(Stored data)
#####

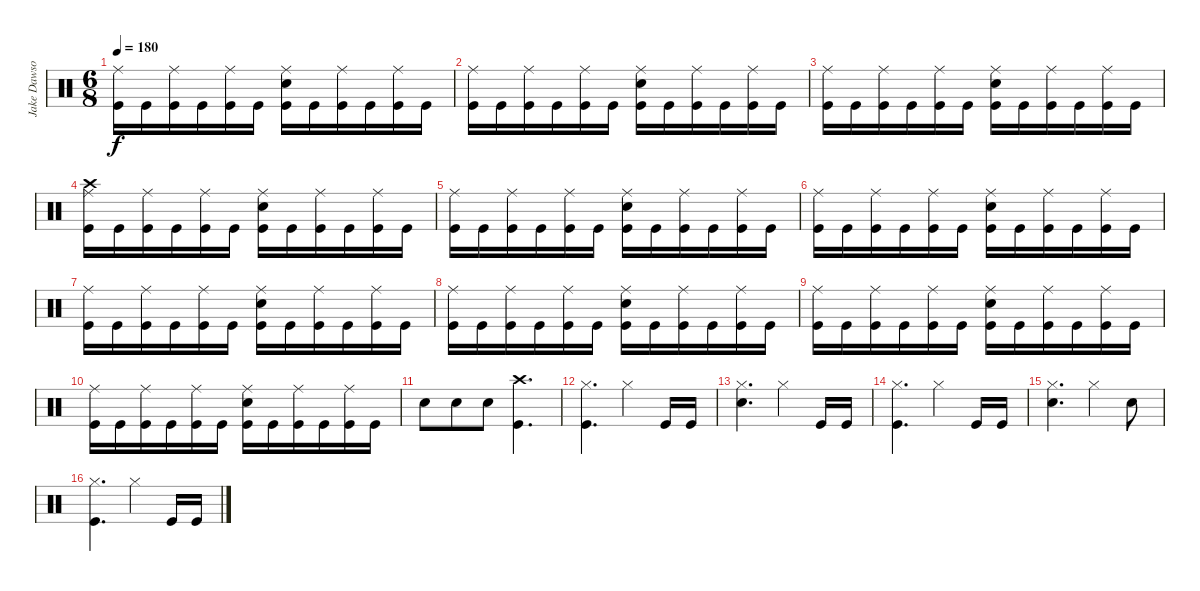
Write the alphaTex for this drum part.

\track ("Jake Dawson" "Jake Dawso") {instrument percussion}
\staff {score}
\articulation defaults
\ts (6 8)
\tempo 180
\clef neutral
\ks c
("Ride (middle)" "Kick (hit)").16{dy f} "Kick (hit)".16 ("Ride (middle)" "Kick (hit)").16 "Kick (hit)".16 ("Ride (middle)" "Kick (hit)").16 "Kick (hit)".16 ("Ride (middle)" "Snare (hit) 2" "Kick (hit)").16 "Kick (hit)".16 ("Ride (middle)" "Kick (hit)").16 "Kick (hit)".16 ("Ride (middle)" "Kick (hit)").16 "Kick (hit)".16 |
("Ride (middle)" "Kick (hit)").16 "Kick (hit)".16 ("Ride (middle)" "Kick (hit)").16 "Kick (hit)".16 ("Ride (middle)" "Kick (hit)").16 "Kick (hit)".16 ("Ride (middle)" "Snare (hit) 2" "Kick (hit)").16 "Kick (hit)".16 ("Ride (middle)" "Kick (hit)").16 "Kick (hit)".16 ("Ride (middle)" "Kick (hit)").16 "Kick (hit)".16 |
("Ride (middle)" "Kick (hit)").16 "Kick (hit)".16 ("Ride (middle)" "Kick (hit)").16 "Kick (hit)".16 ("Ride (middle)" "Kick (hit)").16 "Kick (hit)".16 ("Ride (middle)" "Snare (hit) 2" "Kick (hit)").16 "Kick (hit)".16 ("Ride (middle)" "Kick (hit)").16 "Kick (hit)".16 ("Ride (middle)" "Kick (hit)").16 "Kick (hit)".16 |
("Crash high (hit)" "Ride (middle)" "Kick (hit)").16 "Kick (hit)".16 ("Ride (middle)" "Kick (hit)").16 "Kick (hit)".16 ("Ride (middle)" "Kick (hit)").16 "Kick (hit)".16 ("Ride (middle)" "Snare (hit) 2" "Kick (hit)").16 "Kick (hit)".16 ("Ride (middle)" "Kick (hit)").16 "Kick (hit)".16 ("Ride (middle)" "Kick (hit)").16 "Kick (hit)".16 |
("Ride (middle)" "Kick (hit)").16 "Kick (hit)".16 ("Ride (middle)" "Kick (hit)").16 "Kick (hit)".16 ("Ride (middle)" "Kick (hit)").16 "Kick (hit)".16 ("Ride (middle)" "Snare (hit) 2" "Kick (hit)").16 "Kick (hit)".16 ("Ride (middle)" "Kick (hit)").16 "Kick (hit)".16 ("Ride (middle)" "Kick (hit)").16 "Kick (hit)".16 |
("Ride (middle)" "Kick (hit)").16 "Kick (hit)".16 ("Ride (middle)" "Kick (hit)").16 "Kick (hit)".16 ("Ride (middle)" "Kick (hit)").16 "Kick (hit)".16 ("Ride (middle)" "Snare (hit) 2" "Kick (hit)").16 "Kick (hit)".16 ("Ride (middle)" "Kick (hit)").16 "Kick (hit)".16 ("Ride (middle)" "Kick (hit)").16 "Kick (hit)".16 |
("Ride (middle)" "Kick (hit)").16 "Kick (hit)".16 ("Ride (middle)" "Kick (hit)").16 "Kick (hit)".16 ("Ride (middle)" "Kick (hit)").16 "Kick (hit)".16 ("Ride (middle)" "Snare (hit) 2" "Kick (hit)").16 "Kick (hit)".16 ("Ride (middle)" "Kick (hit)").16 "Kick (hit)".16 ("Ride (middle)" "Kick (hit)").16 "Kick (hit)".16 |
("Ride (middle)" "Kick (hit)").16 "Kick (hit)".16 ("Ride (middle)" "Kick (hit)").16 "Kick (hit)".16 ("Ride (middle)" "Kick (hit)").16 "Kick (hit)".16 ("Ride (middle)" "Snare (hit) 2" "Kick (hit)").16 "Kick (hit)".16 ("Ride (middle)" "Kick (hit)").16 "Kick (hit)".16 ("Ride (middle)" "Kick (hit)").16 "Kick (hit)".16 |
("Ride (middle)" "Kick (hit)").16 "Kick (hit)".16 ("Ride (middle)" "Kick (hit)").16 "Kick (hit)".16 ("Ride (middle)" "Kick (hit)").16 "Kick (hit)".16 ("Ride (middle)" "Snare (hit) 2" "Kick (hit)").16 "Kick (hit)".16 ("Ride (middle)" "Kick (hit)").16 "Kick (hit)".16 ("Ride (middle)" "Kick (hit)").16 "Kick (hit)".16 |
("Ride (middle)" "Kick (hit)").16 "Kick (hit)".16 ("Ride (middle)" "Kick (hit)").16 "Kick (hit)".16 ("Ride (middle)" "Kick (hit)").16 "Kick (hit)".16 ("Ride (middle)" "Snare (hit) 2" "Kick (hit)").16 "Kick (hit)".16 ("Ride (middle)" "Kick (hit)").16 "Kick (hit)".16 ("Ride (middle)" "Kick (hit)").16 "Kick (hit)".16 |
"Snare (hit) 2".8 "Snare (hit) 2".8 "Snare (hit) 2".8 ("Crash high (hit)" "Kick (hit)").4{d} |
("Hi-Hat (closed)" "Kick (hit)").4{d} "Hi-Hat (closed)".4 "Kick (hit)".16 "Kick (hit)".16 |
("Hi-Hat (closed)" "Snare (hit) 2").4{d} "Hi-Hat (closed)".4 "Kick (hit)".16 "Kick (hit)".16 |
("Hi-Hat (closed)" "Kick (hit)").4{d} "Hi-Hat (closed)".4 "Kick (hit)".16 "Kick (hit)".16 |
("Hi-Hat (closed)" "Snare (hit) 2").4{d} "Hi-Hat (closed)".4 "Snare (hit) 2".8 |
("Hi-Hat (closed)" "Kick (hit)").4{d} "Hi-Hat (closed)".4 "Kick (hit)".16 "Kick (hit)".16

#####

Aim of the exercise = For the records given here, say how many lines hold the string "closed", with no further words.

Answer to the exercise = 5